What needs to be done. Please copy out each line of the entries in which "flat" appears.

** Data for processing follows **

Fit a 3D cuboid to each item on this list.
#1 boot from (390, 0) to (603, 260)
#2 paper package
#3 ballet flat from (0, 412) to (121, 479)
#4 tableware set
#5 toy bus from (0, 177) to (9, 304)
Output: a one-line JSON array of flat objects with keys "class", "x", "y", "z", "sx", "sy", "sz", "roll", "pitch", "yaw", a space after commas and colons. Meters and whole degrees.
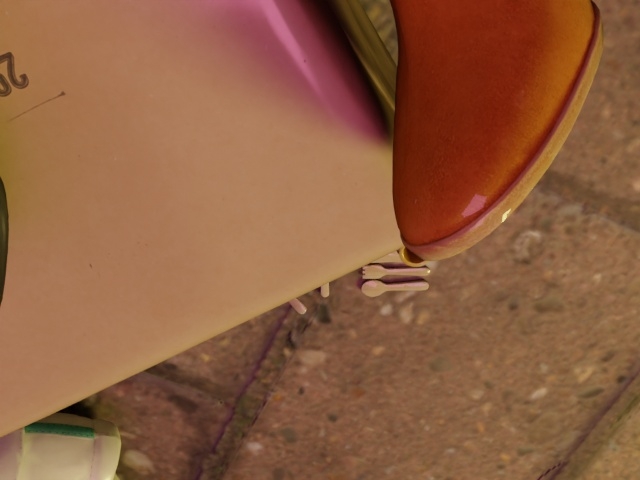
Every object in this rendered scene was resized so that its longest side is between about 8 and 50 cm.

** End of Data for processing **

Answer.
#3 ballet flat from (0, 412) to (121, 479)
Output: a one-line JSON array of flat objects with keys "class", "x", "y", "z", "sx", "sy", "sz", "roll", "pitch", "yaw", a space after commas and colons. Meters and whole degrees.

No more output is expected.